# Hilfe bei BIRT reporting



## miwi100 (16. April 2011)

Hallo Forum,

ich bin neu hier. Erstmal ein herzliches Hallo.
Ich hoffe hier kennt sich jemand mit BIRT aus.
Ich bin dabei ein Report mit BIRT zu erstellen. Das ganze ist auch schon relativ fertig und war auch für mich, der relativ rudimentäre Informatikkentnisse hat kein Problem.
Doch nun habe ich ein Fall, den ich irgendewie nicht alleine Lösen kann.

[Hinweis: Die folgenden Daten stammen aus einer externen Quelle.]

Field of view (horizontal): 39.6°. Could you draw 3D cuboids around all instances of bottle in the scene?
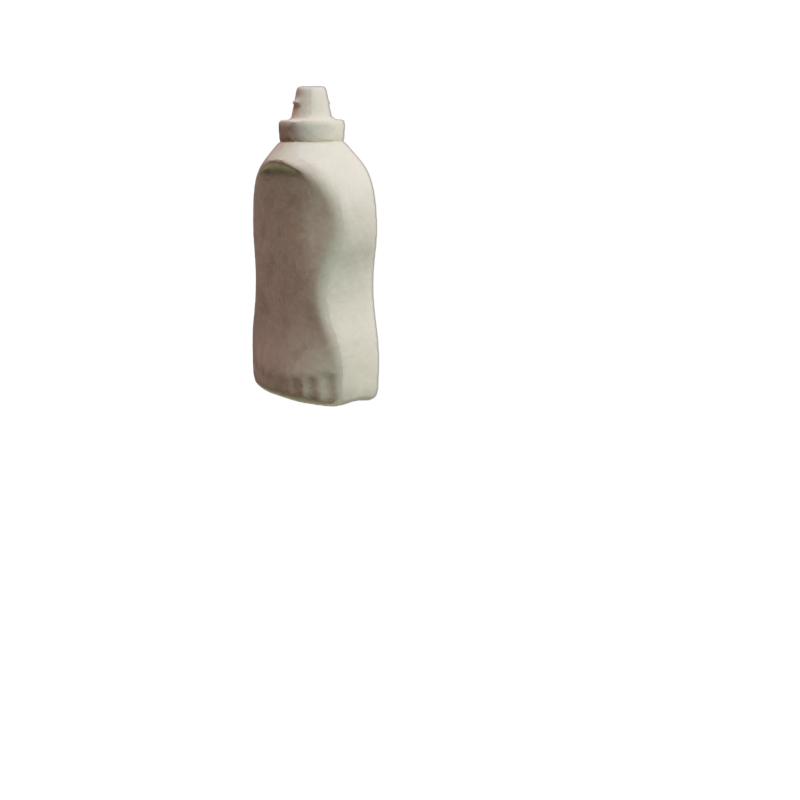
[{"bbox_3d":[-0.054,-0.099,0.690,0.056,0.189,0.101,-5,9,-37],"label":"bottle"}]

Ich möchte aus einem Data Set "Planzahlen" auslesen. Diese Planzahlen möchte ich dann mit den jeweiligen berechneten Werten in den Table vergleichen und je nach dem Highlighten.
Mein Problem: Wie kann ich das Data Set mit den Werten (die verschiedenen Planzahlen) in anderen Tables verfügbar machen? 
Ich habe schon versucht alle Tables in das Planzahlen Table einzubinden und dann mit row._outer["Kennzahl"] drauf zuzugreifen. Leider bekomme ich hier immer nur die selbe Planzahl:
if (row._outer["Bezeichnung"] == '1.3.4'){
(row._outer["Kennzahl"])
}

Scheinbar geht das so mit meiner if Struktur nicht, da nicht das gesamte Data Set verfügbar ist...?
Gibt es irgend eine möglichkeit dieses Data Set in eine Variable zu Packen und dann überall im Report auszulesen?
Oder vielleicht noch einfacher...

Ich hoffe ihr versteht was ich mein. Für eure Hilfe wäre ich sehr dankbar.

Beste Grüße

Michael


----------



## cosmit (30. Mai 2011)

Hallo,

ja eine solche Möglichkeit gibt es. 
Die erste ist in dem entsprechenden Event alle Daten in eine globale persistente Variable zu schreiben.
Oder du kannst die kostenlose SAMURAJ BIRT Toolbox der Fa. CoSMIT benutzten. Die bieten einen Data Cache für solche Fälle an.
http://cosmit.de/html/142.html
mfg


----------